Popular Mechanics reports, however, that if NASA doesn’t change the terms in the draft version of its contract to build a spacecraft that can deliver astronauts to orbit, then Space Exploration Technologies Corp. (SpaceX) may simply bow out of building one for NASA. “We may not bid on it,” SpaceX founder Elon Musk said. Musk said he is increasingly optimistic that the agency will change some of the rules that dictate the design.

Dragon Lab

Artist's concept of SpaceX's Dragon spacecraft (credit: SpaceX)

SpaceX is designing its Dragon spacecraft to carry seven crew members seated in two rows, Musk said during recent testimony in front of the House Committee on Science, Space and Technology. The seats will be conformal and a mechanical force accommodation system will cushion any off-nominal landing impacts to assure crew safety. The crew will wear spacesuits to protect them from any rapid cabin depressurization emergency event.

Musk’s frustration is over the first draft of a contract called the CCIDC (Commercial Crew Integrated Design Contract), which NASA issued last month to guide the way that private companies build crew-carrying spacecraft.

Musk discusses SpaceX and his vision of the Falcon-9 spaceflight launch system and Dragon spacecraft in this video interview by Translogic:

“What matters is rapid and complete reusability,” says Musk. “You don’t change the wings out on an aircraft between flights.” “In a normal flight, you don’t expect to so anything except change fuel and add passengers…” Musk says he expects to get people into space within three years, and to Mars “as soon as 10 years.” Will the Russians get there first? Musk says no, that they aren’t really trying. He says that he sees China as his only real competitor.

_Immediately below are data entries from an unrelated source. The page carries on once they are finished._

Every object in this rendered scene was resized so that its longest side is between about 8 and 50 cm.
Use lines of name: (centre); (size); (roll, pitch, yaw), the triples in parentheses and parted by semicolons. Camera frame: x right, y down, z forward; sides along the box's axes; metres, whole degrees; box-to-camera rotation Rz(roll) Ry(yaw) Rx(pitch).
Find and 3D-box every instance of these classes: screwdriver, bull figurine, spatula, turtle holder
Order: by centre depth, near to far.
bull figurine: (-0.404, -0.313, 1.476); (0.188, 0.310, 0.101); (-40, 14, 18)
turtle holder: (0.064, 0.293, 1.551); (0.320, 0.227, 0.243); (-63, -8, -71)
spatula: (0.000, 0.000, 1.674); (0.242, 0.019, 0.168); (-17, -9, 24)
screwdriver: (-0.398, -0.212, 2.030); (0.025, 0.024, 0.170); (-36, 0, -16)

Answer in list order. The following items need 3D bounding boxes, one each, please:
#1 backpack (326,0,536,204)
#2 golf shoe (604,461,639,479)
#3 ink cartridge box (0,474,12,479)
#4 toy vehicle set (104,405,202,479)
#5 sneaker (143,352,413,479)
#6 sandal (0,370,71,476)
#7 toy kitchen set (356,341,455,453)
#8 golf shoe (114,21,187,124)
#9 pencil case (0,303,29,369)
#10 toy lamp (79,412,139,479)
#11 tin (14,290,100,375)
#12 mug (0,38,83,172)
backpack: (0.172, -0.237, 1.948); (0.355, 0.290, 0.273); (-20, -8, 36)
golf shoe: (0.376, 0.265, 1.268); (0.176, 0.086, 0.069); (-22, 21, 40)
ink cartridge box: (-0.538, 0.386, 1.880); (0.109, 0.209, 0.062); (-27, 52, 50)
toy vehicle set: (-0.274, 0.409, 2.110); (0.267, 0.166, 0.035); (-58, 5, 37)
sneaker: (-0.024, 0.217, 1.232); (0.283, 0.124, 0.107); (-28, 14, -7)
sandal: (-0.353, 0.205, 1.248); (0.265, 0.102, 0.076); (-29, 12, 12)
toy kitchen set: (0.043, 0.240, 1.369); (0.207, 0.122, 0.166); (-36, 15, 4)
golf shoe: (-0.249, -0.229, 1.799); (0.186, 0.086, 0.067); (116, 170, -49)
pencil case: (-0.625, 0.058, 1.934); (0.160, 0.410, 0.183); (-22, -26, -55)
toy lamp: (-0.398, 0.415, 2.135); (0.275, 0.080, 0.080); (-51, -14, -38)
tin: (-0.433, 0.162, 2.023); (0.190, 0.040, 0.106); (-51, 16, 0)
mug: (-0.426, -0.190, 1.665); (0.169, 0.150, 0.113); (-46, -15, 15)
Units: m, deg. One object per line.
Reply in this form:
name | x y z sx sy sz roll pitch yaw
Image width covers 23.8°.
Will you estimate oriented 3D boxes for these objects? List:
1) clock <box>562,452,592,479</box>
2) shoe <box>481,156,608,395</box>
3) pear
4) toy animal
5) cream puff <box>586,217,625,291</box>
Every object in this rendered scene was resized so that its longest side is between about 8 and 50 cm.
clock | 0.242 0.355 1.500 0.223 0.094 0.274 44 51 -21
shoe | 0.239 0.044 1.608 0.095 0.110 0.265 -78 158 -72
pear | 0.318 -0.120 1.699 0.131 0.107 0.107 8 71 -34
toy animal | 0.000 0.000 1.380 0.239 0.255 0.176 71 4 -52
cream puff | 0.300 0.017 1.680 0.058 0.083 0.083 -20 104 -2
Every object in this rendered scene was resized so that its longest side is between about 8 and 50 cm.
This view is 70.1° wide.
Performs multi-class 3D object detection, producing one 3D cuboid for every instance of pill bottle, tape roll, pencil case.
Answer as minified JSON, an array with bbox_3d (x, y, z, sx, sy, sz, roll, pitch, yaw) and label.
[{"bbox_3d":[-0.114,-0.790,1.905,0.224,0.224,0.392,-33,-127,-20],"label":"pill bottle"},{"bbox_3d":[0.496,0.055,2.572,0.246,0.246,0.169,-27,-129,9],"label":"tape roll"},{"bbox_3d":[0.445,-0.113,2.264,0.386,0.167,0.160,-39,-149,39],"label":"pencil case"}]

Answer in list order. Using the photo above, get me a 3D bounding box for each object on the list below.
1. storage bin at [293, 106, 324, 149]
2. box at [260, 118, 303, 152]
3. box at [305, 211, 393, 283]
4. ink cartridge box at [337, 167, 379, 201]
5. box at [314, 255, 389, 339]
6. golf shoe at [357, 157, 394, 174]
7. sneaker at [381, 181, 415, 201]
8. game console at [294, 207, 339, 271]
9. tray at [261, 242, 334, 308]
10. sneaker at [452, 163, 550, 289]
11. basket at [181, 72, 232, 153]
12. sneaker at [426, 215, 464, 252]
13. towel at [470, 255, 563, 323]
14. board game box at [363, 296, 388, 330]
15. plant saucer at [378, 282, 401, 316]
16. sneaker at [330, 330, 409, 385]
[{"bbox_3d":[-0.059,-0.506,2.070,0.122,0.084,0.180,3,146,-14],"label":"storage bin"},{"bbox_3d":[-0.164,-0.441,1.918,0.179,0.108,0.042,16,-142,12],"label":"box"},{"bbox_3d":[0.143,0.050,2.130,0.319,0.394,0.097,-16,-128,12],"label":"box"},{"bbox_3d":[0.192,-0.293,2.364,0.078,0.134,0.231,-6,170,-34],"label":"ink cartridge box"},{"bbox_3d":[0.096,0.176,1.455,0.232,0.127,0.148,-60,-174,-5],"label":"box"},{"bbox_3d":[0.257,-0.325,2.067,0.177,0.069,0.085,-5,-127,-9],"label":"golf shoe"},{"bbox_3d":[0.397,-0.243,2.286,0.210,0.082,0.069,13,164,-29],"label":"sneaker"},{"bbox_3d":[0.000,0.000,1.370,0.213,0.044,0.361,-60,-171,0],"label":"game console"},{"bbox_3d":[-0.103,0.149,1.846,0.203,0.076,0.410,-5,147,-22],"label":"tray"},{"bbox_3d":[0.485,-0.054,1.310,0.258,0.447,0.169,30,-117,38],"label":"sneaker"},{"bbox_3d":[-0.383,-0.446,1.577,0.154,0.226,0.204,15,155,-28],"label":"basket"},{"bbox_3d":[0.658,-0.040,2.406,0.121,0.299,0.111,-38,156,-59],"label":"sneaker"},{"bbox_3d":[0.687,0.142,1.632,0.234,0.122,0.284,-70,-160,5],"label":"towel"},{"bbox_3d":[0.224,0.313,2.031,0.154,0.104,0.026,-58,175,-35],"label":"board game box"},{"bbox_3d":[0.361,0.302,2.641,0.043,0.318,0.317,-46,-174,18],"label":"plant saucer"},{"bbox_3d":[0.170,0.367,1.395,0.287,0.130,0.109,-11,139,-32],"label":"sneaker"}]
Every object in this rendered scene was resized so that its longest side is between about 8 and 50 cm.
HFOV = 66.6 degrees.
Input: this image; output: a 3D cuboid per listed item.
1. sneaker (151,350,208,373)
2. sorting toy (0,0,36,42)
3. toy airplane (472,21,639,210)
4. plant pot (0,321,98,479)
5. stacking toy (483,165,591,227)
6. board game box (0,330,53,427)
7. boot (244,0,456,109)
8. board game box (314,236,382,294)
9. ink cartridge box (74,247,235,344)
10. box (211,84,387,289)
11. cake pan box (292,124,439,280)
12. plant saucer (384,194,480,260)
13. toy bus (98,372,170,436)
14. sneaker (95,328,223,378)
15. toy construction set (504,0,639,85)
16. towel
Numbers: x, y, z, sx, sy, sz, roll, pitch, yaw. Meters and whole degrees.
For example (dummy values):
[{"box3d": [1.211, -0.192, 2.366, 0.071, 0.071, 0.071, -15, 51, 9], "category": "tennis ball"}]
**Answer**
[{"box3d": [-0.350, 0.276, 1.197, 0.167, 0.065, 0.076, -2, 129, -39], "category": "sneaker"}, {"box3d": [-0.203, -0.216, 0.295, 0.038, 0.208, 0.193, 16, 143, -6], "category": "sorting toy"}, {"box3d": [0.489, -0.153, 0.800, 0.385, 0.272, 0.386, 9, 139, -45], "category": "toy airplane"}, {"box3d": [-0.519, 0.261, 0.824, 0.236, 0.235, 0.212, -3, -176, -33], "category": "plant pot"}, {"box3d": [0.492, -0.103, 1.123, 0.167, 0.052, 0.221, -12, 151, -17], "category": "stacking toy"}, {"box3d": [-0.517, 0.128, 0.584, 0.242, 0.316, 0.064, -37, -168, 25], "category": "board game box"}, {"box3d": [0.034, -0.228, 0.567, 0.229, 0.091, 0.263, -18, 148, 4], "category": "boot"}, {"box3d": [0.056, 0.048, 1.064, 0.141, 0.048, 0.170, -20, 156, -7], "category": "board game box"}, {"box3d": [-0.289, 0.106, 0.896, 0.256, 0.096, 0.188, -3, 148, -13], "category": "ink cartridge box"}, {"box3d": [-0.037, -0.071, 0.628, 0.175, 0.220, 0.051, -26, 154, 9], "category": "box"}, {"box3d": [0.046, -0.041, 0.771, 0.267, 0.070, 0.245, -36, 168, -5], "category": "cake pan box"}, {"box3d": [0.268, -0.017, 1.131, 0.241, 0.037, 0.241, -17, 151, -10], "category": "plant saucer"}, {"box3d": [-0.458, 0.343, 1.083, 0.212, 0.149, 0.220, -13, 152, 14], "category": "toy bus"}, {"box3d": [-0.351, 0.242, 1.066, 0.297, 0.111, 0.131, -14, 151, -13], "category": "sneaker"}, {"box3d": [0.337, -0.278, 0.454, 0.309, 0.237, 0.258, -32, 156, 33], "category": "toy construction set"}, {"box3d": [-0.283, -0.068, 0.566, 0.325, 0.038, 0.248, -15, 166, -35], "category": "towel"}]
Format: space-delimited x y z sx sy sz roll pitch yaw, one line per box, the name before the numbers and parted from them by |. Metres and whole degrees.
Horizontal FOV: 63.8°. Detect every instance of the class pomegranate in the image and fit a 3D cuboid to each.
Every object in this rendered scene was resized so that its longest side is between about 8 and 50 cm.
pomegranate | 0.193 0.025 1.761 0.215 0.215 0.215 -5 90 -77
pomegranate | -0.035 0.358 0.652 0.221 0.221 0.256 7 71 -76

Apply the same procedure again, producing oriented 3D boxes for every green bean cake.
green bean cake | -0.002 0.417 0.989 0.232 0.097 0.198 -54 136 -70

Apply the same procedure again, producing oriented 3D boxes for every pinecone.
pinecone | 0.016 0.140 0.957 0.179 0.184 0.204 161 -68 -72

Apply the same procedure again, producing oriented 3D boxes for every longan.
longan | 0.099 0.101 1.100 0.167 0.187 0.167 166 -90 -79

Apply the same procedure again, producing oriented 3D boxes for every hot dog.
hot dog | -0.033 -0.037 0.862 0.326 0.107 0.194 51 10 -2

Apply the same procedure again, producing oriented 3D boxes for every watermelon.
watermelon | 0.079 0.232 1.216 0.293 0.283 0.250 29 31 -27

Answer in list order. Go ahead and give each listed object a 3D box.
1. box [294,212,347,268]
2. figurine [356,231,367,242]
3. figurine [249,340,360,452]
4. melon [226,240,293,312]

Where does this leave NASA? “Well, in general, the government is not the best entity to do any kind of optimization or efficiency.” “As soon as you’re talking about wanting to rapidly innovate on technology and high efficiency, that’s where the private sector is best.”

Whether it’s the government, the private sector, or the “partnership” envisioned by NASA’s Lori Garver, huge new markets (and potentially hundreds of thousands of jobs) are at stake. Could Elon Musk become the Steve Jobs of the space industry? Can the U.S marshal another Kennedy Era push to space? Or, will the spoils go to the Chinese?